Boca Raton, FL - The drug nesiritide (Natrecor, Scios), beset by controversy about whether it helps or harms patients with acute decompensated heart failure, and in particular whether it promotes renal dysfunction, was found to be neither renotoxic nor renoprotective when given at recommended dosages in a prospective, randomized study [1].

Dr Margaret M Redfield (Source: Mayo Clinic)

An early analysis from the ongoing trial "provides reassurance that standard-dose nesiritide does not adversely affect renal function in acute decompensated heart failure.

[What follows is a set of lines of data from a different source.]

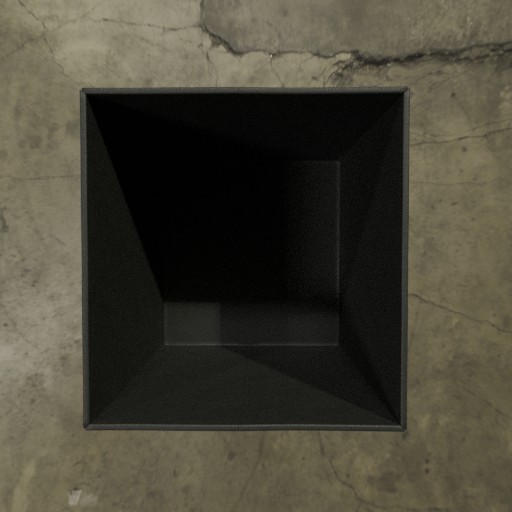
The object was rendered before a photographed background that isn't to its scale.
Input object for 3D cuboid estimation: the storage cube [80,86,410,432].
[{"bbox_3d":[0.000,0.000,0.479,0.270,0.280,0.270,0,92,1],"label":"storage cube"}]
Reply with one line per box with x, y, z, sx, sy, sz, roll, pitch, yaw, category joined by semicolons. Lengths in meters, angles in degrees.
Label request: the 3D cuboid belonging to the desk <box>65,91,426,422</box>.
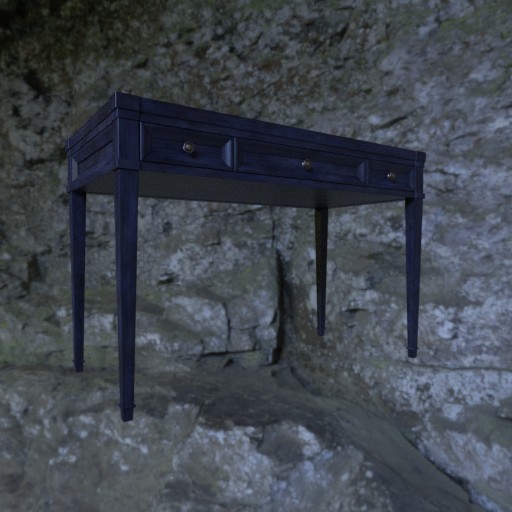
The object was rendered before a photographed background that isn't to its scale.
0.000;0.000;1.757;1.289;0.861;0.630;-1;1;-34;desk
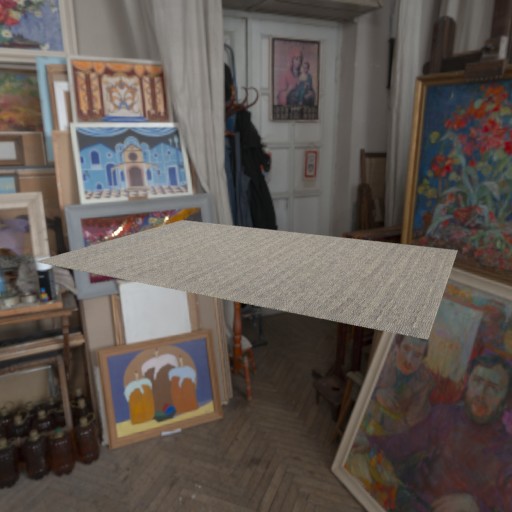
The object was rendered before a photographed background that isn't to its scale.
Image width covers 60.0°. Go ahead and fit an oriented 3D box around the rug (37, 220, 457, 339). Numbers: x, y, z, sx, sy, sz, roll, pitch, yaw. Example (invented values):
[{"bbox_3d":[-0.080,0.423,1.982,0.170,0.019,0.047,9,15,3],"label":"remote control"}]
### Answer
[{"bbox_3d":[0.000,0.000,2.197,1.752,0.006,1.142,8,18,27],"label":"rug"}]
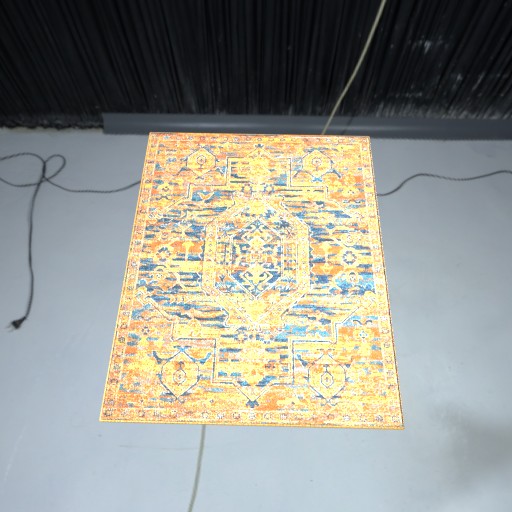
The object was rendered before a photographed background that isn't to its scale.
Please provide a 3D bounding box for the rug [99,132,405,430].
[{"bbox_3d":[0.000,0.000,4.225,2.435,0.031,3.040,1,63,1],"label":"rug"}]
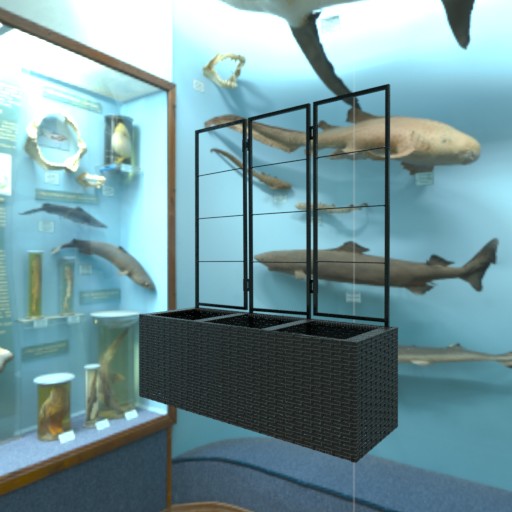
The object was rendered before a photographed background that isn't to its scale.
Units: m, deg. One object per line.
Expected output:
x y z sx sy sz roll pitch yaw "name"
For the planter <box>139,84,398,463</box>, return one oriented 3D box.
0.000 0.000 1.205 0.699 0.841 0.244 0 0 38 "planter"
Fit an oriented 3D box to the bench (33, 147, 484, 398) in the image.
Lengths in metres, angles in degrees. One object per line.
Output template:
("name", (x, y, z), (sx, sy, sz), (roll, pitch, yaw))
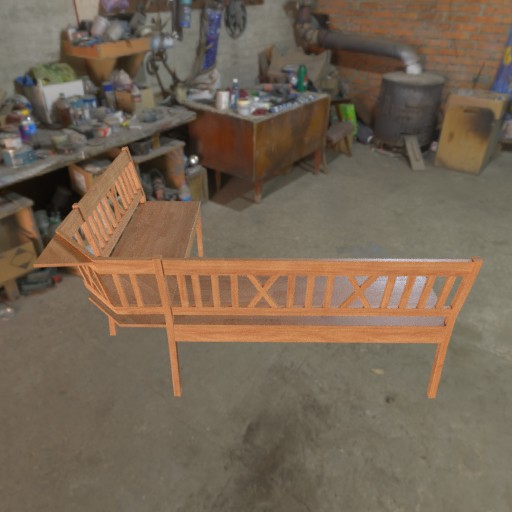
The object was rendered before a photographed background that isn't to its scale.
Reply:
("bench", (0.000, 0.000, 2.766), (1.937, 0.902, 1.537), (0, 31, 0))
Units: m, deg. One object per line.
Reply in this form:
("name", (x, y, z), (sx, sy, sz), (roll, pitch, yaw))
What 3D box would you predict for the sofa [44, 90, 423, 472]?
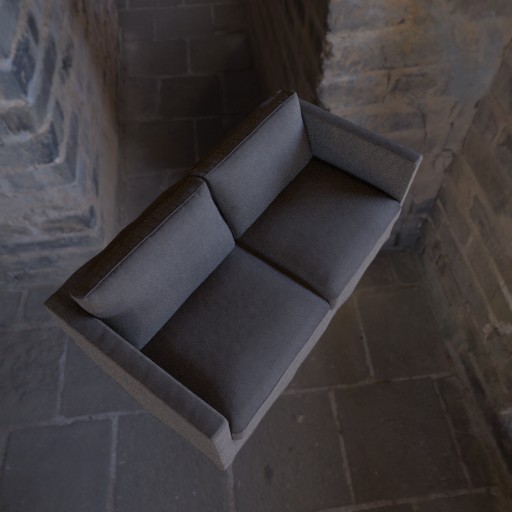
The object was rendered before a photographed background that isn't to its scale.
("sofa", (0.000, 0.000, 2.349), (0.974, 0.854, 1.802), (32, 63, 19))
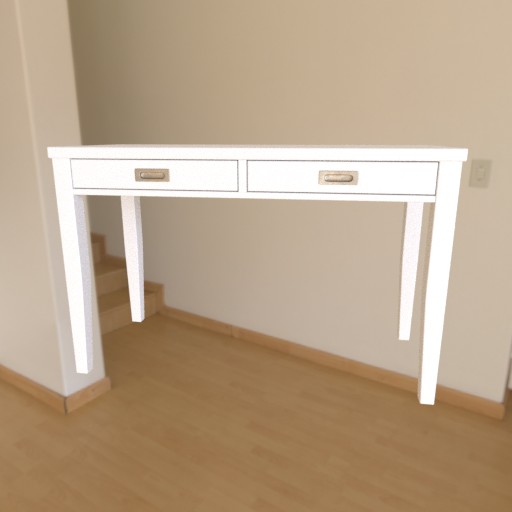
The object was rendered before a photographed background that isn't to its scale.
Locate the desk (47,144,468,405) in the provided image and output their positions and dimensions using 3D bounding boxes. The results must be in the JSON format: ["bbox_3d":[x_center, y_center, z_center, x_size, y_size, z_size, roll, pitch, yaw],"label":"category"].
[{"bbox_3d":[0.000,0.000,1.606,1.220,0.775,0.508,2,15,9],"label":"desk"}]

However, it does not demonstrate hoped-for improvements in renal function, diuretic responsiveness, or neurohormonal profile," according to the report from Dr Margaret M Redfield (Mayo Clinic, Rochester, MN) and colleagues that was presented here at the Heart Failure Society of America (HFSA) 2005 Annual Scientific Meeting. The authors speculate that concurrent diuretic therapy and blood-pressure reduction may attenuate the renoprotective effects they are sure nesiritide can provide.

Nesiritide, a bioengineered version of brain-type natriuretic peptide (BNP), was approved as a vasodilator for patients with acute decompensated HF, and studies suggest that it may also modulate neurohormones. But it gained a reputation for being diuresis enhancing and possibly renoprotective when added to conventional therapy. It had become widely used by the time two meta-analyses appeared in the literature, one suggesting that the drug may promote renal dysfunction and another pointing to a possible increased risk of death at 30 days [2,3].

But the prospective study presented at the HFSA enters the controversy somewhere in the middle. "Clearly our data do not suggest a potent renoprotective effect at the standard dose, but they don't show any trend toward an adverse effect," Redfield told heartwire. "And we certainly don't see any enhancement of natriuresis with diuretics."

Her group randomized 65 patients with acute decompensated HF and "mild-to-moderate" renal dysfunction, defined as a creatinine clearance of 20-60 mL/min, to receive standard management with or without a nesiritide infusion. In the unblinded trial, the drug was given at the recommended dosage of a 2-µg/kg bolus followed by 0.01 µg/kg per minute over 48 hours.

Compared with standard care, nesiritide infusions were associated with significantly reduced blood pressure, serum creatinine, and blood-urea nitrogen over the first day but showed no such differences by 48 hours. Nor did it alter patients' responses to furosemide (Lasix, Sanofi Aventis), neurohormonal profile, or risk of developing cardiorenal syndrome.

Total diuretic dosage at 48 hours and mean effects of diuresis

Parameter	Nesiritide standard therapy, n=34	Standard therapy alone, n=31	p
Mean total 48-h furosemide dose (mg)	272	255	NS
Change in fluid balance at 48 h (L)	-2.7	-3.8	0.05
Change in weight at 48 h (kg)	-2.2	-3.3	0.07

Dr Clyde Yancy

Commenting on the study for heartwire, Dr Clyde Yancy (University of Texas Southwestern Medical Center, Dallas) said he interprets the patients as having "at least moderate renal insufficiency" based on their maximum creatinine clearance of 60 mL/min, and so they are a subtype of nesiritide recipients who haven't been well studied. Therefore, the study's findings don't necessarily apply to every kind of patient who has received the drug. Moreover, he noted, none of the diverse natriuretic-peptide physiological effects will necessarily show up all the time in every patient. "Not everybody's going to have natriuresis and not everybody will have diuresis or any of the other effects we feel are important. But in certain subsets of patients, a given property will predominate, maybe as a function of renal insufficiency or disease severity."

Yancy affirmed his confidence in the therapeutic potential of natriuretic peptides and said that some of the major questions are about their clinical application: "Which patient, what dose, what concomitant medical treatments?"

Redfield said her group has laboratory and retrospective clinical data supporting a possible renoprotective effect from lower-than-standard doses of nesiritide, minus the bolus, in patients with low blood pressure and very poor creatinine clearance. "Maybe a dose that doesn't drop the blood pressure so much is beneficial," she said.

"In our practice we have a small percentage of patients who, despite oxygen and one dose of Lasix, are very symptomatic. I feel comfortable using nesiritide in those patients for its primary indication as a vasodilator," Redfield said. "Should we be giving it to everyone to try to enhance renal function? Based on this [study], we would say no. But because there are so many indications that it might have beneficial renal effects, we think it's important to go on and look at lower doses."